I think that Ortega was a real enlightened man and that he looked forward to the triumph of reason over irrationality; but it seems to me that irrationality is having a very lively field day of its own. I don’t mean that it’s irrational to have nationalistic feelings, but I don’t think that it’s rational to conduct these modern wars in very limited places where you’re sure to kill many thousands of innocent bystanders. What sense does it make? What’s it for? It doesn’t make any sense really. I mean there should be other ways to resolve these matters. And then it wouldn’t have been left to the West either to grab recognition of these various factions, on which they founded their legitimacy. It doesn’t seem to me like a good idea. But I’m not really a politician; these are just my amateur observations.

I remember talking, to get back to Ortega’s definition of the masked man, and discussing it with my friend, the late Harold Rosenberg and he said: “Nobody really understands anything.” I thought about this comment for a while and concluded he was right because we don’t understand even our own metabolism. If you ask an educated person about metabolism, he’ll give you a schoolbook answer. It has two elements of anabolism and catabolism and so on. Where does that leave you? It leaves you with a sort of formulaic conviction that you understand things that you’re not really able to understand. For that matter, nobody understands as of this moment. What is this destruction of matter inside the organism that produces energy by the organism? How does it happen? So there’s a kind of myth of rational mastery and rational control, which is based, I think, partly on the triumphs of applied science in this day and age which gives us our miracles every day because they are miracles. A miracle is when what you think can then be made actual. You think, I’d like to be in Pango-Pango tomorrow, and all you have to do is buy a ticket. They’re almost as fast as the thought. And you’re there, courtesy of engines devised by thought, by thinking. So, we are really living under a strange condition, it seems to me; reduced to barbarism by the triumphs of scientific progress that we use with great confidence. 

Saul Bellow and Dejan Stojanovic, University of Chicago, 1992
Stojanovic: Is the intellectual elite in America concentrated exclusively in an oasis, away from the mercantile demands of this continent?

Bellow: I think that the oasis is no longer an oasis, for one thing. It politicized itself to an extraordinary degree, and it mimics the politics of a larger society within its own boundaries. I don’t think they’re interested in the traditions of thought at all. I think that they’re interested in perpetuating social revolution as a sort of welfare, subsidized welfare—class in universities. Marxism, which is now in disrepute in Europe, but is now here because professors will tell you it’s no use reading literature anymore.

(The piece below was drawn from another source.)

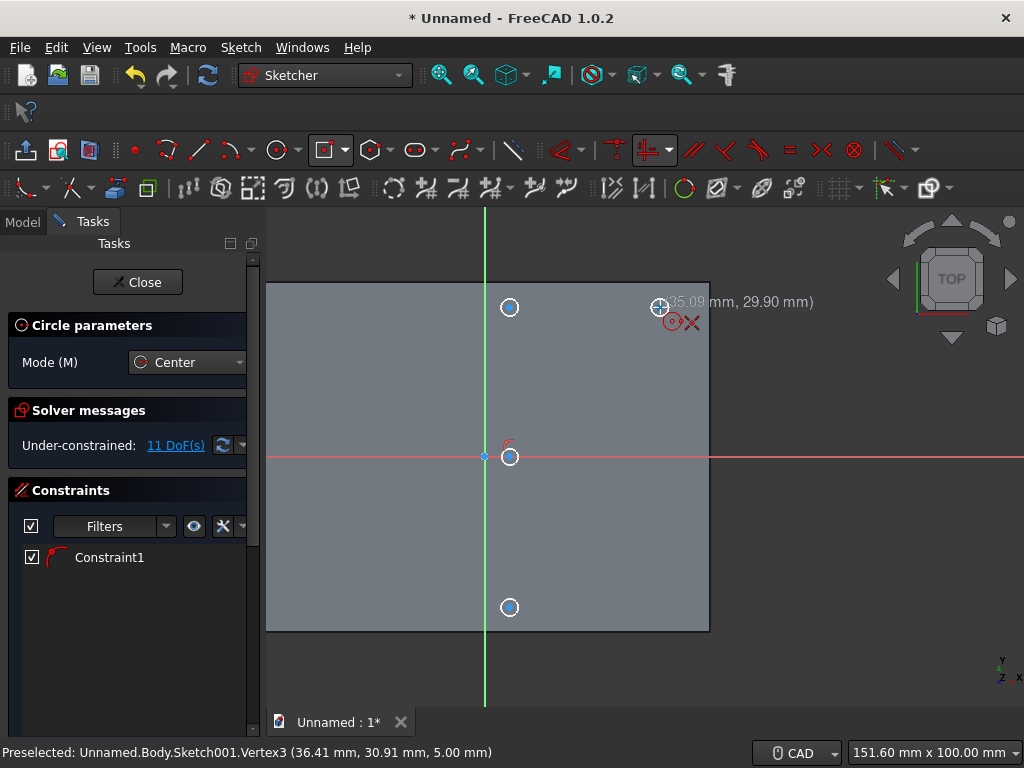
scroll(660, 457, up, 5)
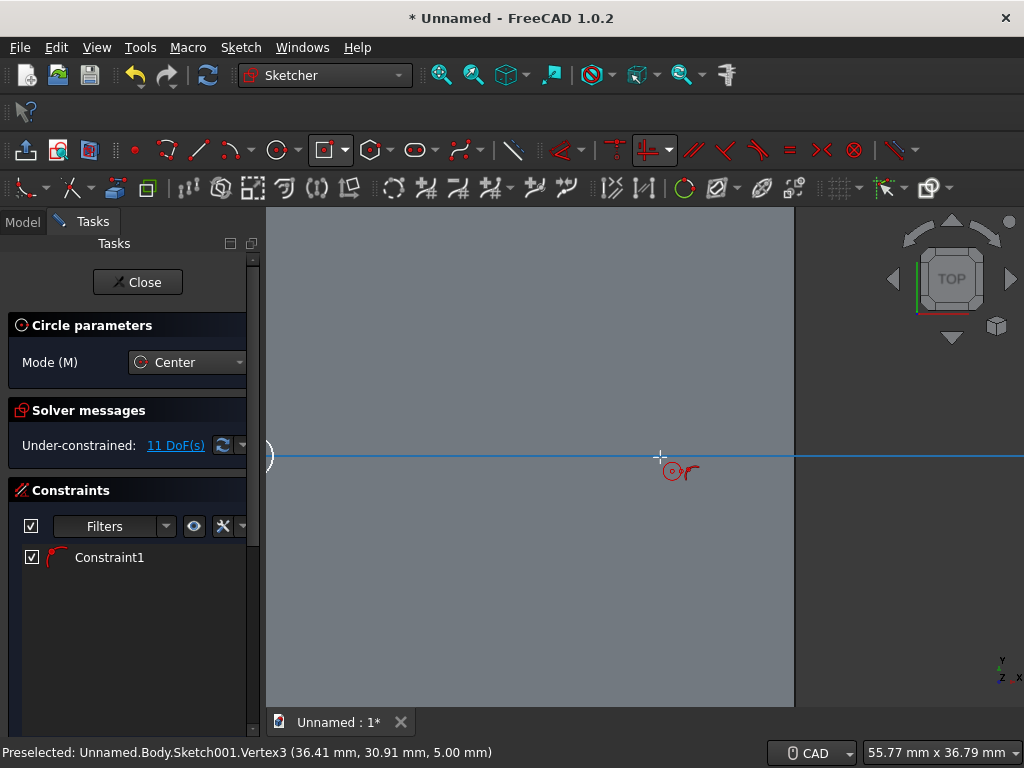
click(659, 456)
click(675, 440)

It represents the hegemony of old white males, dead white males; then it’s imperialistic and colonialistic and exploitative and homophobic, misogynistic, and all the rest of this. Deconstructive.

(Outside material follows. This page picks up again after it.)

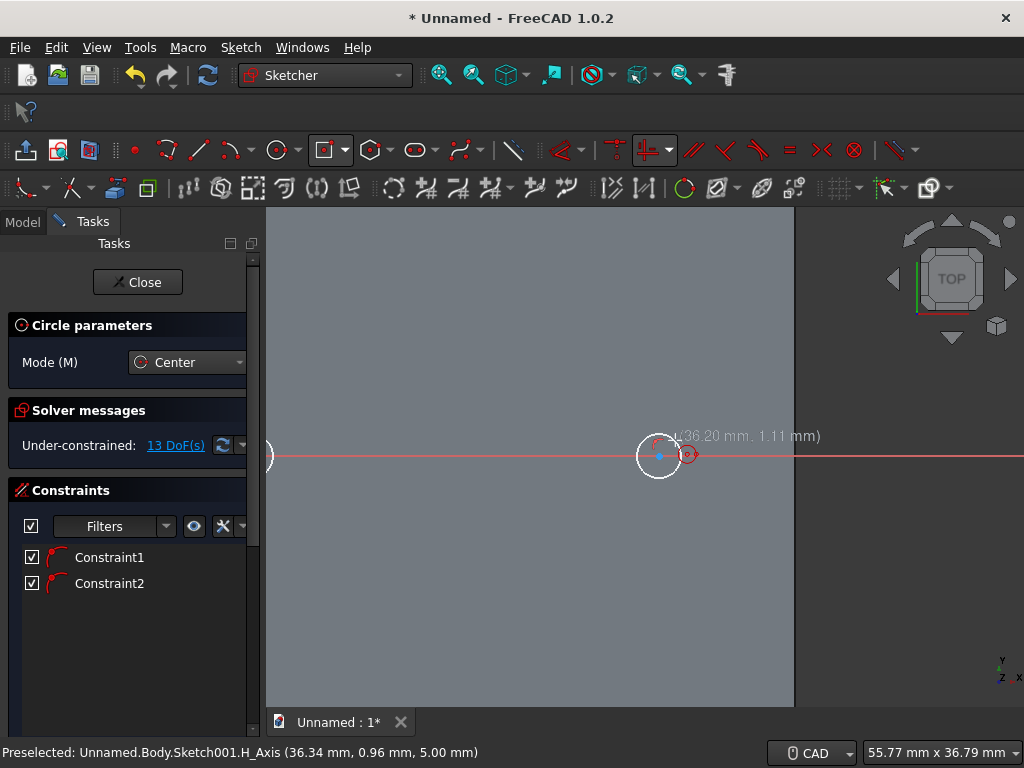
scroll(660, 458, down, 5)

So, if you try to think of this as the oasis, you can have a pretty difficult time proving it. It’s not an oasis, it’s a slum. And it’s becoming a mental slum. I don’t say that there are no wonderful people on every campus who write sound history or speculate soundly on all kinds of problems. But they’re not talking about the Ivory Tower. Let me remind you that this Ivory Tower comes from Flaubert. I think we have more inside.

Stojanovic: In your speech in Stockholm in 1976, during the Nobel Prize ceremony, you spoke about “central human energies,” which are a focal subject of art. What is happening today with central human energies?

Bellow: There are two main schools of thought. One is mind, which I think is that you are born a certain kind of person with soul and the other is that there is no such thing and that we are just some sort of psychological apparatus who happened to be at the forefront of the evolutionary chain of development as of this moment, but maybe not tomorrow. I happen to think that I am a person who has a certain kind of core. And I know I have to be faithful to that core. Other people will tell me that this is mere fiction and that I am a fiction who writes fiction. Well, I believe that I’m a true person, or at least I want to be a true person who also does these other things.

Stojanovic: What is your opinion of the ongoing situation in Eastern Europe since you are a good connoisseur of circumstances in that part of the world?

Bellow: I’m not such a connoisseur that I know what is going to happen. I didn’t know that the Soviet Union was going to collapse. Almost nobody knew, except maybe Amalrik, in that book of his when he said . . . What was the title of that book? "Will The Soviet Union Survive?" I think he was the one. Maybe there are a few other prophets here and there, but it seemed unbelievable that this structure that had stood for seventy years was going to come to an end. That its own contradictions . . . And now I don’t know what’s going to happen in Eastern Europe.

It seems to me that there are countries that have a fairly good prospect of stability and others that don’t. And since I couldn’t predict the downfall of the Soviet Union, I can’t predict what’s going to happen among the old republics. All I can do is keep my fingers crossed and hope that it isn’t as bad as it could turn out to be. I don’t know whether capitalism is going to take hold here, but even after this decline began, I was still making the wrong guesses. I was saying that the army and the secret police and the bureaucracy were not going to fade out. It couldn’t, and without some resistance they still substantially controlled the country. I was wrong about that, too. So after suffering such defeats as a prophet, you’re not going to get me to prophesize about anything anymore.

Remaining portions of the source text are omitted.